----- DATA -----

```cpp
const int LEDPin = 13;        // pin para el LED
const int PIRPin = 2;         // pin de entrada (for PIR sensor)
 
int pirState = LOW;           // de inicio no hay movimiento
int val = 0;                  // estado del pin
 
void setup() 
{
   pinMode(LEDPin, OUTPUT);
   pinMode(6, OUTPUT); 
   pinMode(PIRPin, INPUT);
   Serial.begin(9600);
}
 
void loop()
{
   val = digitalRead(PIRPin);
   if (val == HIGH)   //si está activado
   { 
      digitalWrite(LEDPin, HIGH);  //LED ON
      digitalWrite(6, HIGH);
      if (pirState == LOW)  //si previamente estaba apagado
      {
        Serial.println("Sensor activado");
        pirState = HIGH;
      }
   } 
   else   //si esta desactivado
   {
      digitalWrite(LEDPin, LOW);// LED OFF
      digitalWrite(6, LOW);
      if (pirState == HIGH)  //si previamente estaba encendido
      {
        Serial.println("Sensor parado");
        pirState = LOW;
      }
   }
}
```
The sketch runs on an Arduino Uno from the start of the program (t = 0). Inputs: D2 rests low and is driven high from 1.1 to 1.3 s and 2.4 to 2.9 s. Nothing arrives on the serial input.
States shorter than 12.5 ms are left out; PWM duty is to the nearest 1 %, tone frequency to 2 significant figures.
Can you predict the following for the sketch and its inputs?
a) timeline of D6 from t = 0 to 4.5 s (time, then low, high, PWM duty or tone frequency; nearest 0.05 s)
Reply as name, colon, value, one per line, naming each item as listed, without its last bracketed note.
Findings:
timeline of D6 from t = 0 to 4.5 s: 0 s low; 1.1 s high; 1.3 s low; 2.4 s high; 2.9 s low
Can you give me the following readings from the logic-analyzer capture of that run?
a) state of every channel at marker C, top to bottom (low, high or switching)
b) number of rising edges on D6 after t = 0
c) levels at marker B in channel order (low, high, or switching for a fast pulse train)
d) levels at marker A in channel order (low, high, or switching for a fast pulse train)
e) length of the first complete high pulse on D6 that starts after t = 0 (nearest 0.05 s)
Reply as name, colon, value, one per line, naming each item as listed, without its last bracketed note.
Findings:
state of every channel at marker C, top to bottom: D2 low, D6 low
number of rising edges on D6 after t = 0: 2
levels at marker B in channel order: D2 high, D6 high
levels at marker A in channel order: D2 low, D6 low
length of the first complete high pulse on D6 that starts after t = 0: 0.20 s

-----

Going back to the entries above, set down exactly the lines that begin at the one with "a) timeline of" and end at the one with "d) levels at", both included, and nothing else.

a) timeline of D6 from t = 0 to 4.5 s (time, then low, high, PWM duty or tone frequency; nearest 0.05 s)
Reply as name, colon, value, one per line, naming each item as listed, without its last bracketed note.
Findings:
timeline of D6 from t = 0 to 4.5 s: 0 s low; 1.1 s high; 1.3 s low; 2.4 s high; 2.9 s low
Can you give me the following readings from the logic-analyzer capture of that run?
a) state of every channel at marker C, top to bottom (low, high or switching)
b) number of rising edges on D6 after t = 0
c) levels at marker B in channel order (low, high, or switching for a fast pulse train)
d) levels at marker A in channel order (low, high, or switching for a fast pulse train)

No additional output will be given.